▶ _Required action_
Leave out pictures; repeat exactly the lines from the "picture [41, 47, 231, 172]" line through the last of the data below.

▶ _Recorded data_
--

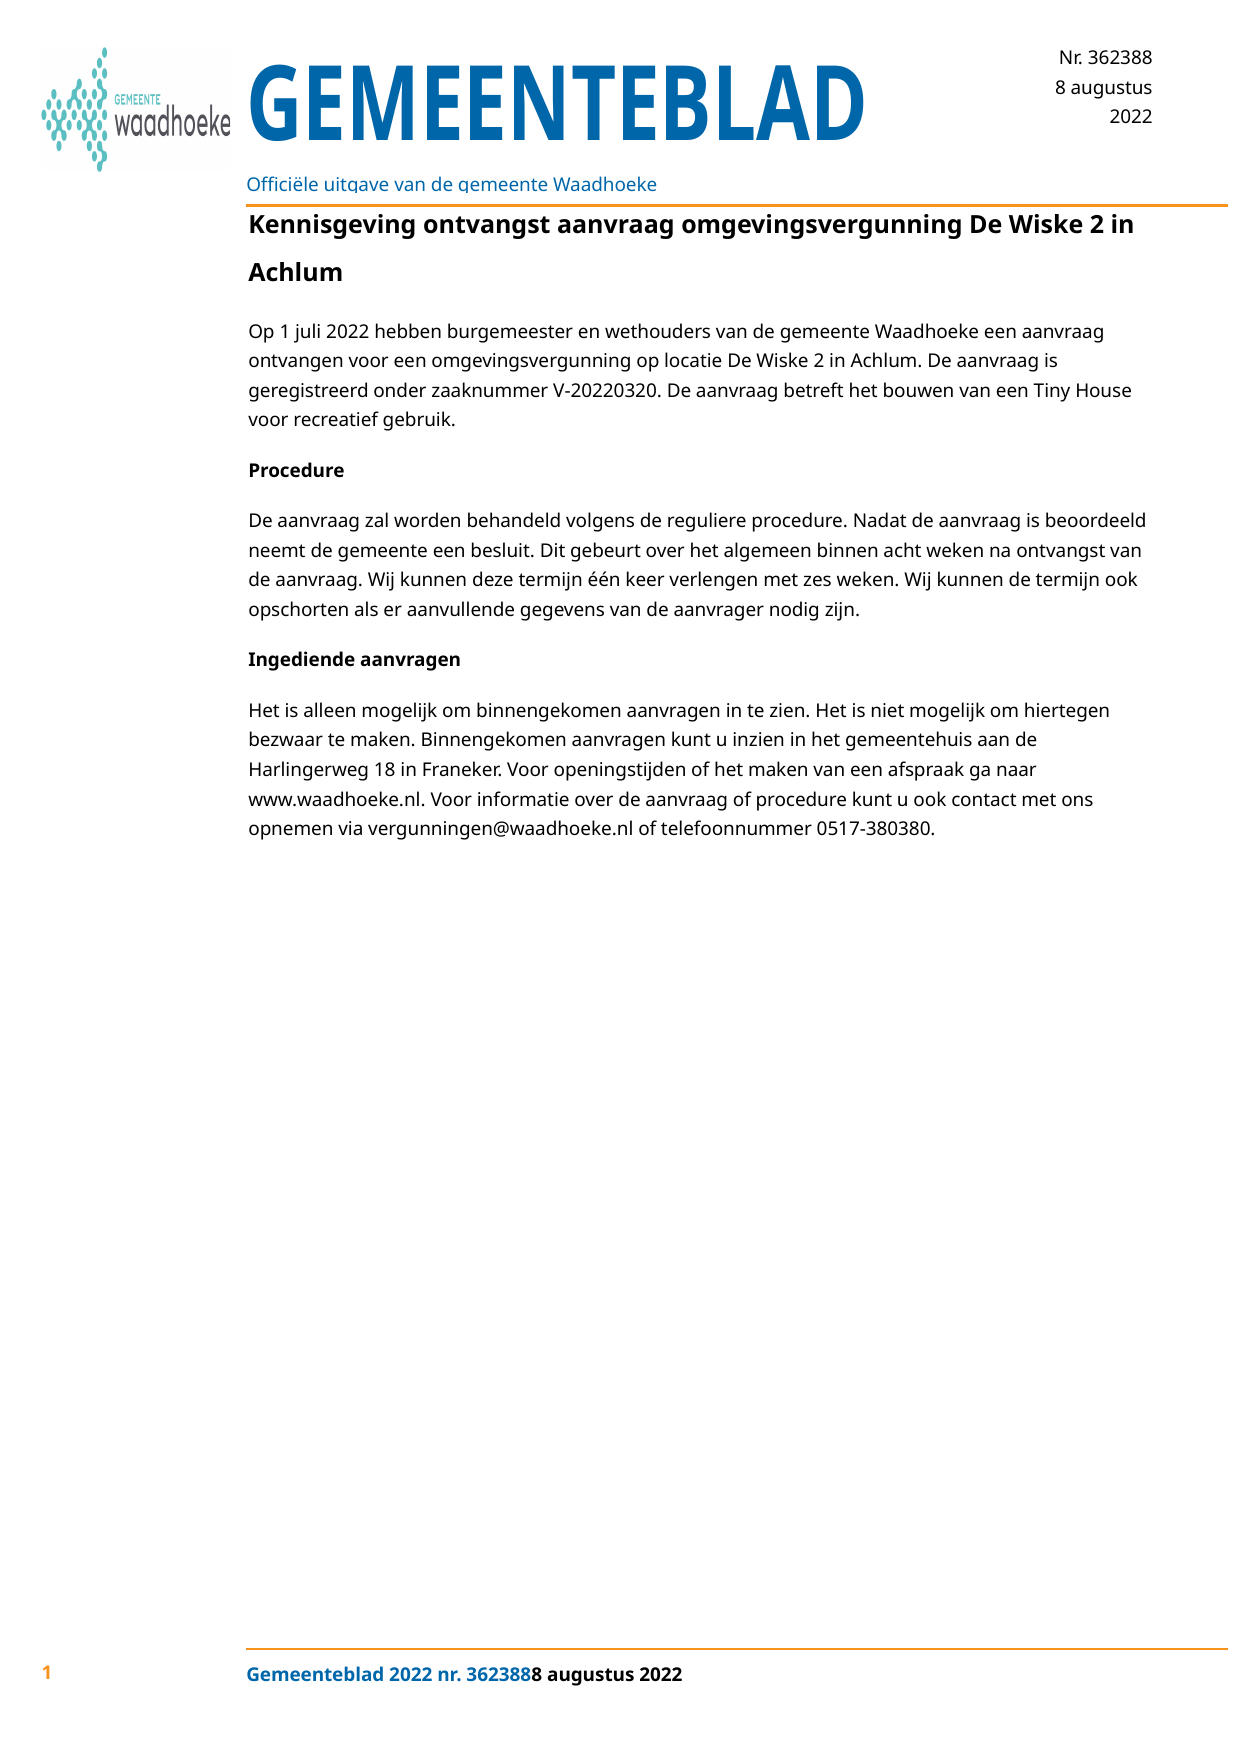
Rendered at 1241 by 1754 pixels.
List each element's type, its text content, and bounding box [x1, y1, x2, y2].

text Kennisgeving ontvangst aanvraag omgevingsvergunning De Wiske 2 in Achlum [248, 207, 1152, 288]
text Ingediende aanvragen [248, 647, 1152, 672]
text Het is alleen mogelijk om binnengekomen aanvragen in te zien. Het is niet mogelijk om hiertegen bezwaar te maken. Binnengekomen aanvragen kunt u inzien in het gemeentehuis aan de Harlingerweg 18 in Franeker. Voor openingstijden of het maken van een afspraak ga naar www.waadhoeke.nl. Voor informatie over de aanvraag of procedure kunt u ook contact met ons opnemen via vergunningen@waadhoeke.nl of telefoonnummer 0517-380380. [248, 697, 1152, 841]
text De aanvraag zal worden behandeld volgens de reguliere procedure. Nadat de aanvraag is beoordeeld neemt de gemeente een besluit. Dit gebeurt over het algemeen binnen acht weken na ontvangst van de aanvraag. Wij kunnen deze termijn één keer verlengen met zes weken. Wij kunnen de termijn ook opschorten als er aanvullende gegevens van de aanvrager nodig zijn. [248, 507, 1152, 622]
picture [41, 47, 231, 172]
text Procedure [248, 457, 1152, 483]
text Op 1 juli 2022 hebben burgemeester en wethouders van de gemeente Waadhoeke een aanvraag ontvangen voor een omgevingsvergunning op locatie De Wiske 2 in Achlum. De aanvraag is geregistreerd onder zaaknummer V-20220320. De aanvraag betreft het bouwen van een Tiny House voor recreatief gebruik. [248, 318, 1152, 432]
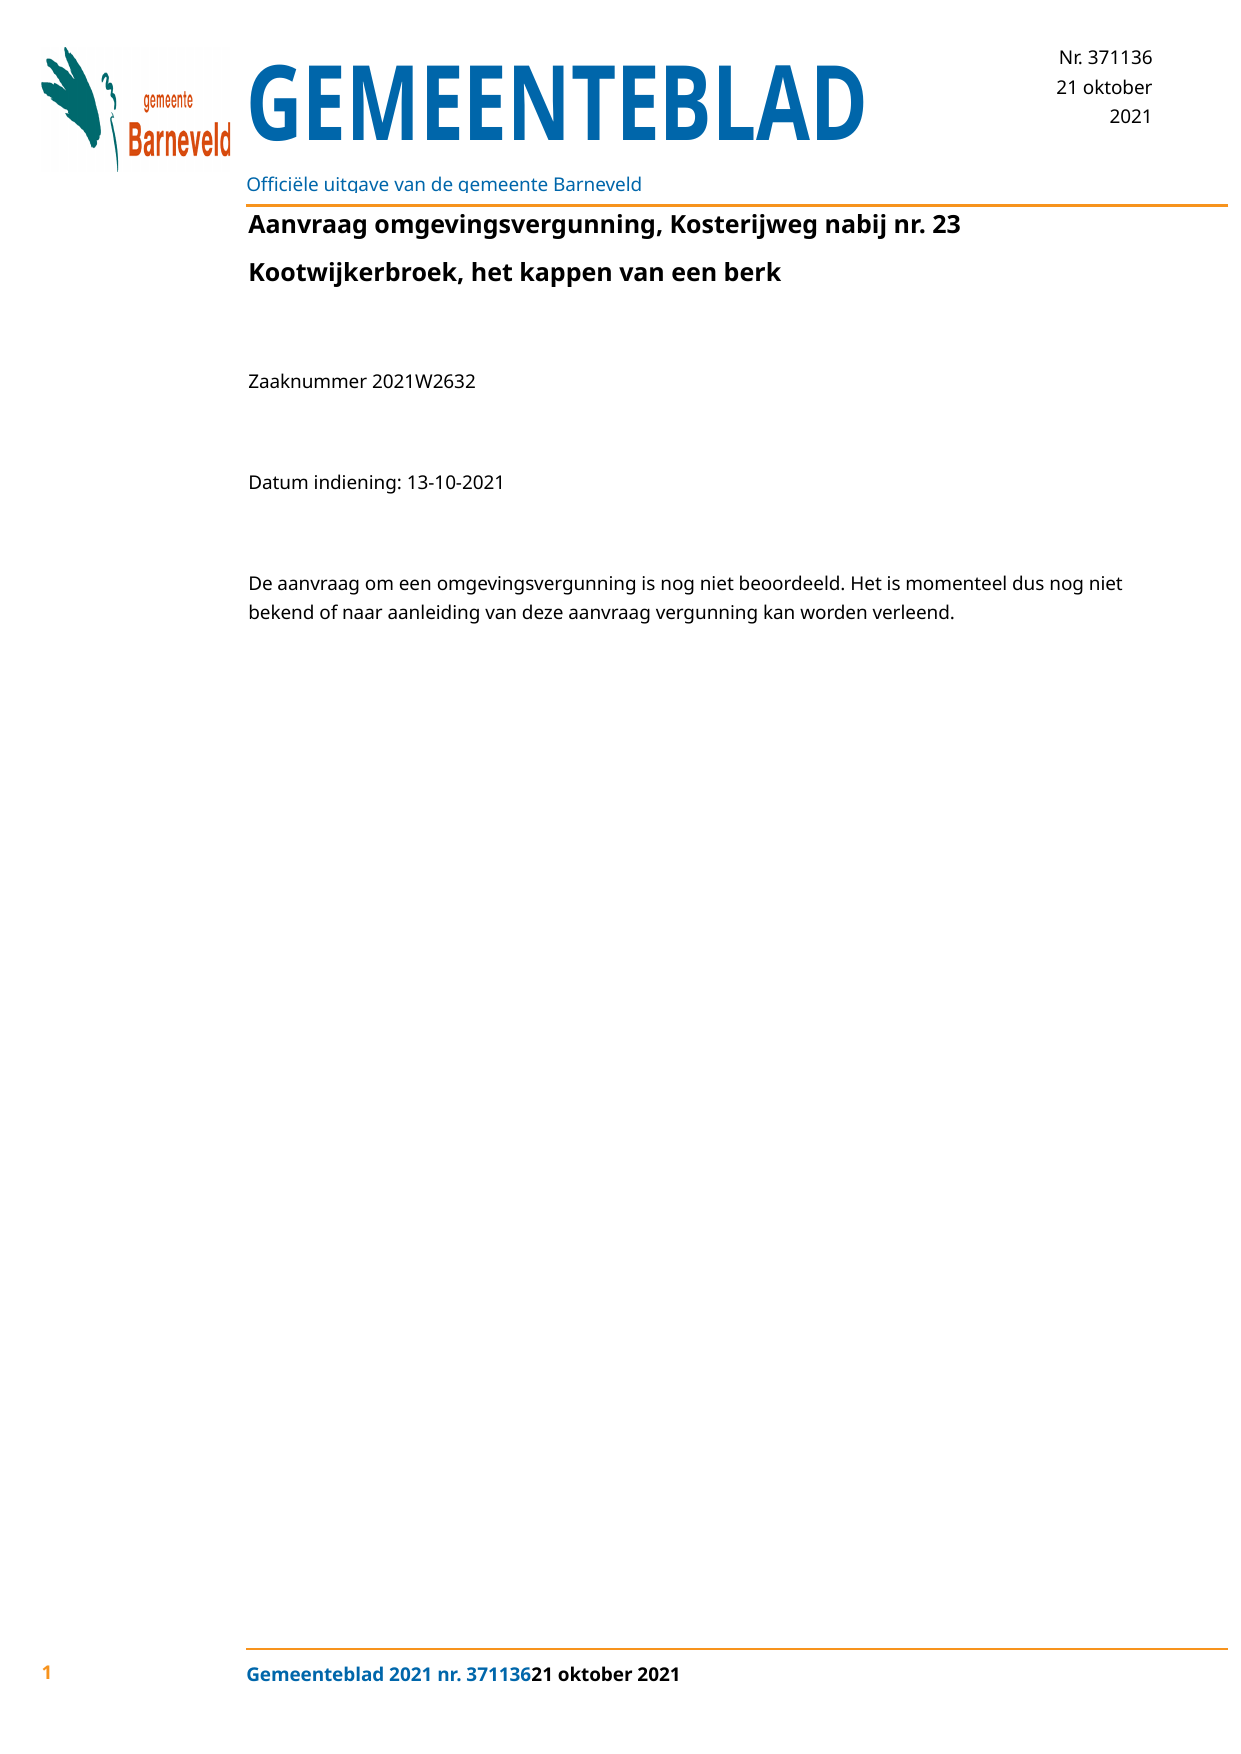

--

▶ _Answer_
picture [41, 47, 231, 172]
text Procedure [248, 457, 1152, 483]
text Op 1 juli 2022 hebben burgemeester en wethouders van de gemeente Waadhoeke een aanvraag ontvangen voor een omgevingsvergunning op locatie De Wiske 2 in Achlum. De aanvraag is geregistreerd onder zaaknummer V-20220320. De aanvraag betreft het bouwen van een Tiny House voor recreatief gebruik. [248, 318, 1152, 432]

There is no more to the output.